シールの剥がれた午前、噴水の見える場所で

──平成0x29A年04月22日 10:20

 プリクラ機の排熱口から温風が吹いていて、四月にしてはぬるい朝だった。

 第14公共ブロック中央公園の噴水広場。ベンチに座った私の左腕に、ナノ医療パッチが薄く光っている。先週の定期健診で貼られたやつ。皮膚の下で何かが数値を測り続けているらしいが、剥がれかけの端が袖口に引っかかって、ただ鬱陶しい。

「梨花、パッチ押さえな。めくれとるよ」

 エージェントの声が右耳に届く。祖母の声だ。七年前に肺炎で逝った祖母・中條カヨ。享年七十八。生前そのままの、少し掠れた声で私の生活に口を出す。

「わかってる」

 パッチの角を親指で押さえながら、私は膝の上のガラケーを開いた。iモードのトップ画面に、無数のリンクが並んでいる。〈公園施設予約〉〈天気〉〈着メロランキング〉。その下に、点滅する通知バナー。

〈第0xA3F1C内閣ユニット──中條梨花を内閣総理大臣に任命。任期:10:20─10:25〉

 また来た。三ヶ月ぶり、二度目。

 噴水の合成音声アナウンスが切り替わる。「十時二十分をお知らせします。本日の紫外線指数は──」。その裏で、政策変更リクエストの束がガラケーの画面に流れ込んできた。

「カヨさん、閣議だって」

「聞こえとるよ。開きな」

 一件目。第14公共ブロック内の遊具安全基準改定。差分は微小で、ブランコの鎖の太さに関する数値がゼロコンマ二ミリ変わるだけ。祖母が即座に分析結果を返す。党ドクトリンとの整合性──適合。承認ボタンを押す。署名アルゴリズムが走り、ガラケーが一瞬熱くなる。

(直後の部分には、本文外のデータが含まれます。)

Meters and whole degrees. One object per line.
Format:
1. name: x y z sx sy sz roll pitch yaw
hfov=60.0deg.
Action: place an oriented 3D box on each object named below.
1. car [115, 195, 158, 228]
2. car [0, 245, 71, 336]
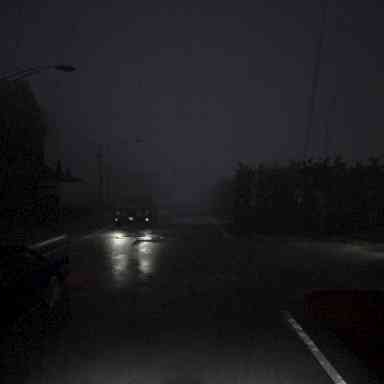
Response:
1. car: -3.600 1.221 22.474 2.150 2.045 5.566 0 0 0
2. car: -3.605 1.601 5.141 1.895 1.301 4.718 0 0 0
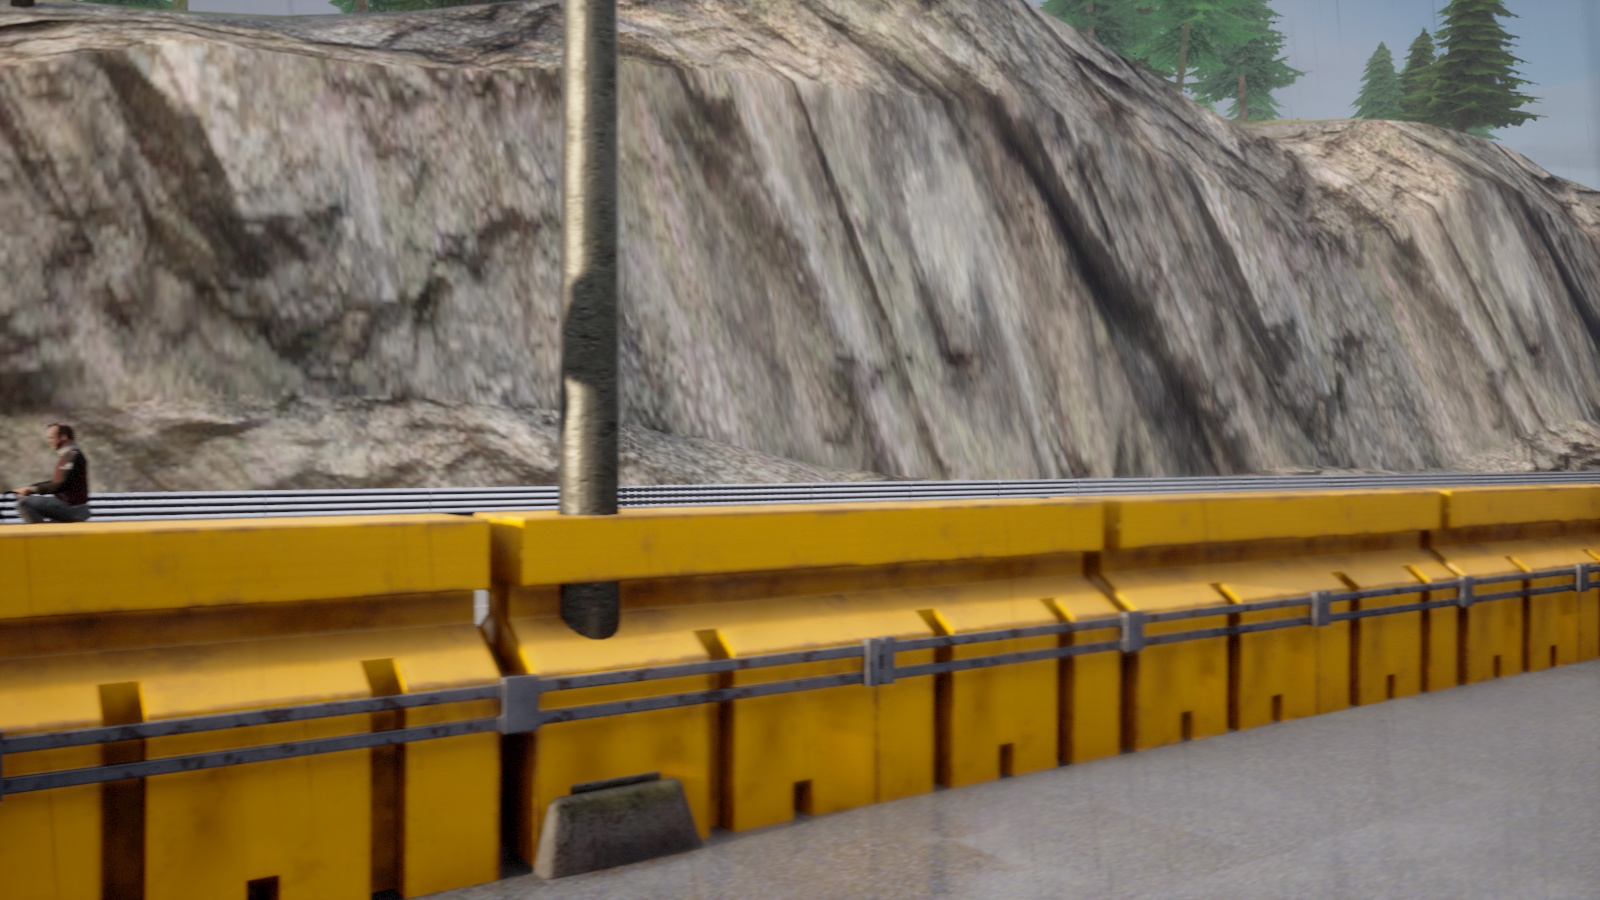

 二件目。噴水広場のプリクラ機設置許可の更新申請。現行制度との差分は、設置区画が〇・五メートル東にずれること。些細だ。だが祖母が引っかかった。

「梨花。署名が通らんかもしれん」

「なんで」

「ドクトリンの施設区画定義、旧版と新版で座標系が違う。申請側は新版で書いとるけど、署名検証は旧版を参照しとる。ゼロコンマ五メートルの差分が、検証側では別区画に跨ってまう」

 目の前のプリクラ機を見た。〈激盛れ♡平成プリ〉と筐体に書いてある。フレームにはルーズソックスの女の子とスマートフォンを持つ女の子が同居していて、時代がぐちゃぐちゃだ。排熱口の温風が、私のパッチの端をまたぺろりとめくった。

「座標変換すれば通るんじゃないの」

「通るよ。でもそれは申請側の仕事やない。あんたが閣議で差し戻すか、自分で署名を通す裏道を使うかや」

 裏道。つまり半ば公然と解読されているアルゴリズムの隙間に、手で数値を差し込むこと。誰もがやっている。誰もが知っている。けれど閣議決定の記録には「党ドクトリン署名:適合」とだけ残る。

 噴水がひとしきり高く上がり、合成音声が「園内での喫煙はご遠慮ください」と繰り返した。

 残り一分半。

「……差し戻す」

「理由は?」

「座標系の不整合。申請者に新旧どちらかへの統一を求める、って書く」

 祖母が少し黙った。それから、咳払いのような音。生前の癖がそのまま残っている。

「まあ、ええやろ。時間かかるけどな」

 非承認のボタンを押した。理由欄にガラケーの十字キーで一文字ずつ打ち込む。送信。署名が走る。今度は正規の経路で、何も歪めずに。

 十時二十五分。任期終了の通知がぽろん、と鳴った。

 ガラケーを閉じて、立ち上がる。パッチの端がまためくれた。爪で丁寧に押さえ直す。皮膚に密着すると、ほんの少し冷たい。

 プリクラ機の前を通り過ぎるとき、筐体のガラスに自分の顔が映った。三十歳の顔。その向こうに、フレームの中の女の子たちが笑っている。どの時代の笑顔なのか、もうわからない。

 背後で噴水の合成音声がまた何か言ったが、風に紛れて聞き取れなかった。

 ただ、左腕のパッチの冷たさだけがしばらく残った。